Функционал банковского трояна: какие данные под угрозой
Исследованный малварь обладает полным набором функций, характерных для современных банковских троянов под Android. После установки приложение запрашивает расширенные разрешения и получает возможность:
— читать и отправлять SMS (в том числе коды подтверждения от банков);
— совершать звонки;
— собирать список контактов и установленных приложений;
— получать информацию о сетевом подключении;
— автоматически запускаться при включении устройства;
— отображать свои элементы интерфейса поверх других окон (overlay-атаки).
Последний пункт особенно опасен: за счет наложения собственного окна поверх банковского приложения троян может подсовывать поддельные формы авторизации и платежные экраны, незаметно перехватывая логины, пароли, PIN-коды и данные банковских карт.
В совокупности это дает злоумышленникам практически полный контроль над устройством — от скрытого мониторинга действий пользователя до совершения операций от его имени. Конечная цель, как отмечают в F6, — кража финансовых данных и денежных средств жертв.
Почему кампания оказалась такой эффективной
По наблюдениям F6, ограничение доступа к YouTube и замедление обновления контента TikTok в России стало катализатором роста подобных предложений по «обходу блокировок». Пользователи, недовольные ограничениями и рекламой, активно ищут «альтернативные версии» приложений, часто игнорируя вопросы безопасности.

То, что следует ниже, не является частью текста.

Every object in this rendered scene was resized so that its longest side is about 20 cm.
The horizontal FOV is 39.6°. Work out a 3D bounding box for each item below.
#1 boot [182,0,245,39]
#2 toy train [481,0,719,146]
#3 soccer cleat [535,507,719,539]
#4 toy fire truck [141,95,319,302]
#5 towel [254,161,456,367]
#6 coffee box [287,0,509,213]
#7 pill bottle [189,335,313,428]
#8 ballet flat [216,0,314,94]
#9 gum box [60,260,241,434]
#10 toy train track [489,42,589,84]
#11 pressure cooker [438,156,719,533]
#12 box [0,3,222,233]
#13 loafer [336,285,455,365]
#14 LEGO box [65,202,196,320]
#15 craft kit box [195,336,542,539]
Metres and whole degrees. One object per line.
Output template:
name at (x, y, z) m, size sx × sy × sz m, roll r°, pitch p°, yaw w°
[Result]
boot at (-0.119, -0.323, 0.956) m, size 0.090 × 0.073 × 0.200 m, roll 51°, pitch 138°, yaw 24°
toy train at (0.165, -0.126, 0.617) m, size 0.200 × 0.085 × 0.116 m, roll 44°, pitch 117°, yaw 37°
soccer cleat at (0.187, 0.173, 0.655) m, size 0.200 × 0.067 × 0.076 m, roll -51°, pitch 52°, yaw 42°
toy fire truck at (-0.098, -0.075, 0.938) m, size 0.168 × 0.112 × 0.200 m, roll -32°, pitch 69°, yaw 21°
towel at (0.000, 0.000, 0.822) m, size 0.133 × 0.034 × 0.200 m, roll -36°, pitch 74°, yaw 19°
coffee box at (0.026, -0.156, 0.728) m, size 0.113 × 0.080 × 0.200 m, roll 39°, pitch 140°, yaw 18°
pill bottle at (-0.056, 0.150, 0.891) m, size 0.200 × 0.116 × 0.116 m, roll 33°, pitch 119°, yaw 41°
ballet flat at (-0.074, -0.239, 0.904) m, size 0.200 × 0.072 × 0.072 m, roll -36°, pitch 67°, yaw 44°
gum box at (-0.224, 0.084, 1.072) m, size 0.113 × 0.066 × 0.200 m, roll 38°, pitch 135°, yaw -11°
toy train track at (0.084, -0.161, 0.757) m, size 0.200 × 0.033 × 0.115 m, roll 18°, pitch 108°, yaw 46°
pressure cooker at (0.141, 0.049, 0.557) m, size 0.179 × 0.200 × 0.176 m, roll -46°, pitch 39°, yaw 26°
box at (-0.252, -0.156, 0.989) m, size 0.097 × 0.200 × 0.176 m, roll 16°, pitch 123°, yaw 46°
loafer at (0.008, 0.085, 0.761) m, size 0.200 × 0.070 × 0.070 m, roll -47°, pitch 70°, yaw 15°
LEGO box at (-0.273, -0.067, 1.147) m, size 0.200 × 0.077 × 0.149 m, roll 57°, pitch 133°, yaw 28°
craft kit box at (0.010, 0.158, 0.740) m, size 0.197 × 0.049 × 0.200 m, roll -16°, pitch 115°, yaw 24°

Киберпреступники эксплуатируют сразу несколько факторов риска:
— дефицит официального контента и желание обойти блокировки;
— готовность устанавливать APK-файлы со сторонних сайтов;
— доверие к знакомым брендам (YouTube, TikTok, навигаторы, госуслуги);
— низкую осведомленность о рисках банковских троянов.
Похожий подход злоумышленники использовали и в других кампаниях: по данным открытых отчетов крупных вендоров кибербезопасности, банковские трояны нередко маскируются под VPN-сервисы, клиенты для мессенджеров и «чистильщики» системы. В данном случае фокус сделан на видеохостингах и сервисах для автомобилистов.
По информации F6, все домены, задействованные в описанной кампании, на момент публикации уже заблокированы. Однако специалисты подчеркивают, что злоумышленники могут быстро зарегистрировать новые домены и повторить схему с минимальными изменениями.
Чтобы снизить риск заражения банковскими троянами, рекомендуется устанавливать приложения только из официальных магазинов (Google Play, корпоративные сто́ры производителей), не включать без необходимости установку из неизвестных источников, внимательно проверять запрашиваемые разрешения и использовать надежное мобильное антивирусное ПО. При любых подозрительных действиях смартфона — появлении лишних окон поверх банковских приложений, неизвестных SMS или списаний — стоит немедленно связаться с банком и провести полную проверку устройства.